HSC 2013 Maths Marathon (archive) (1 Viewer)

leesh95 · Oct 17, 2013

Re: HSC 2013 2U Marathon

mahmoudali said:
$prove: \frac{cos(2x)}{cos(x)} = \frac{1-tan^2(x)}{sec(x)}$

I can't get this question? How do you do this.

Menomaths · Oct 17, 2013

Re: HSC 2013 2U Marathon

Carrotsticks said:
For purposes of the HSC yes.

That's gay

Carrotsticks · Oct 17, 2013

Re: HSC 2013 2U Marathon

leesh95 said:
I can't get this question? How do you do this.

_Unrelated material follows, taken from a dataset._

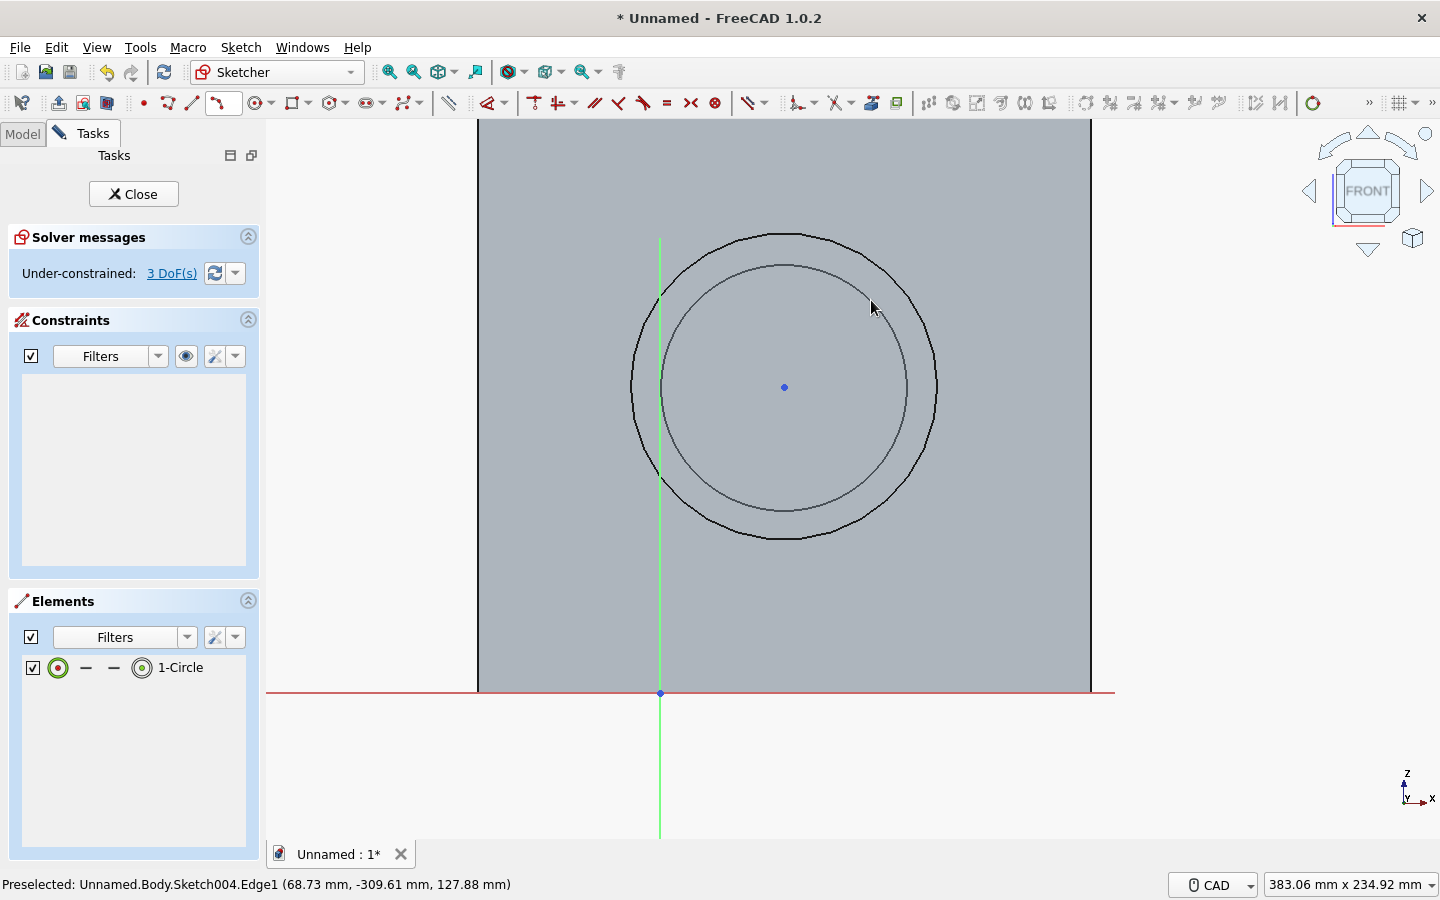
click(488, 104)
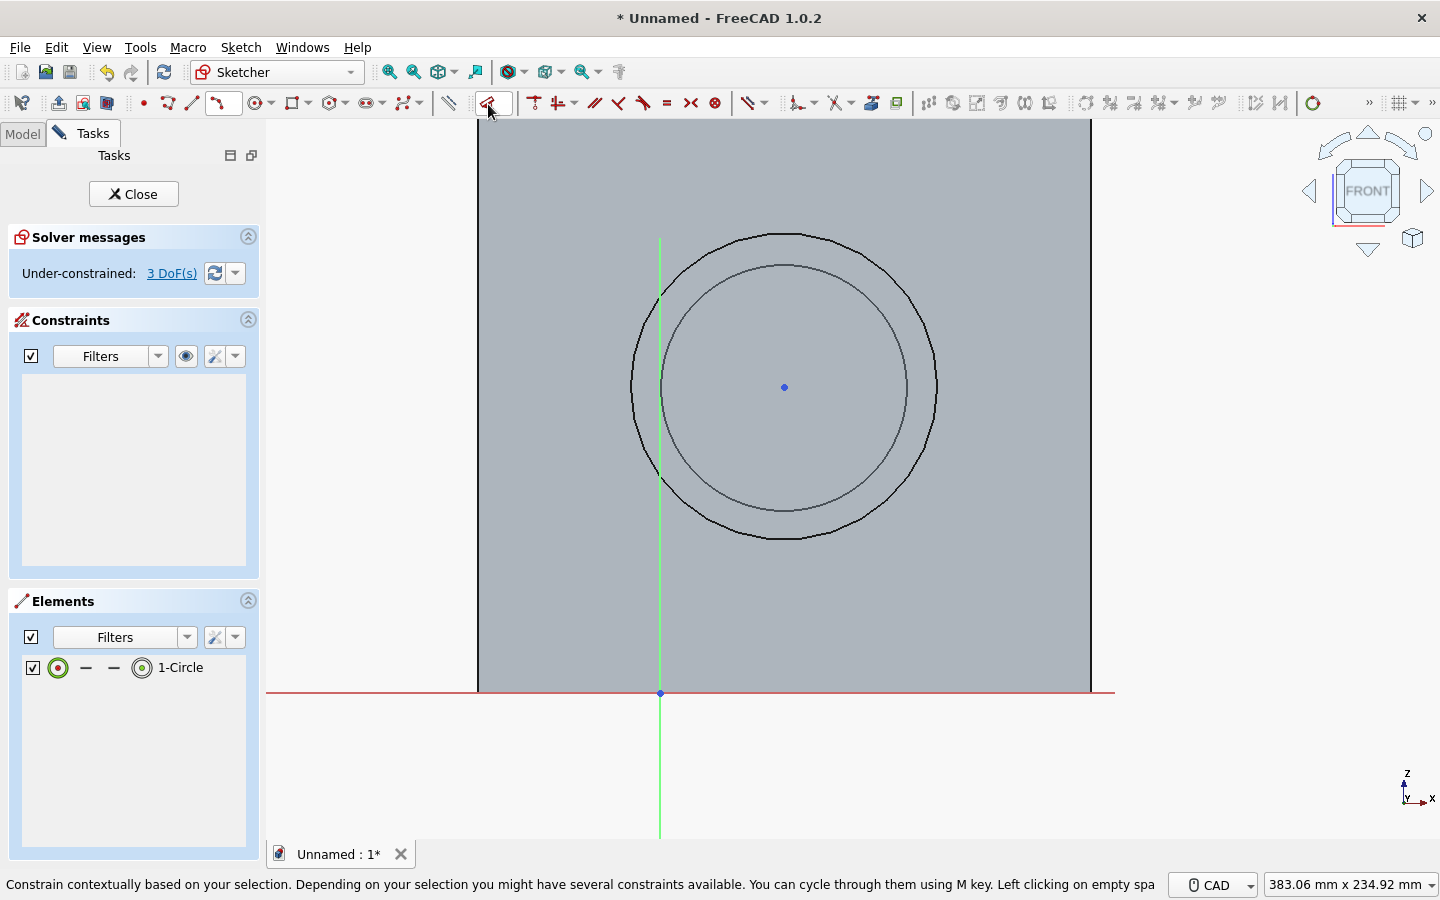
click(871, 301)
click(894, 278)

It's out of the 2U course, so no need to worry.

Menomaths said:
That's gay

No, it's not 'gay'.

The point of the question is for you to practise deducing some expression from another given expression. Accepting the required result and playing with it until you get a known identity is technically valid for that question, but defeats the purpose of it.

Sorry if I'm being a bit snappy, but people saying "Oh.. that's gay" really rustles my jimmies.

leesh95 · Oct 17, 2013

Re: HSC 2013 2U Marathon

Carrotsticks said:
Not quite, the angles are in AP but the actual terms may not necessarily be in AP.

Hint: Consider the identity sin(x) = cos(90-x)

Can you please explain a bit more? I can't understand.

Carrotsticks · Oct 17, 2013

Re: HSC 2013 2U Marathon

leesh95 said:
Can you please explain a bit more? I can't understand.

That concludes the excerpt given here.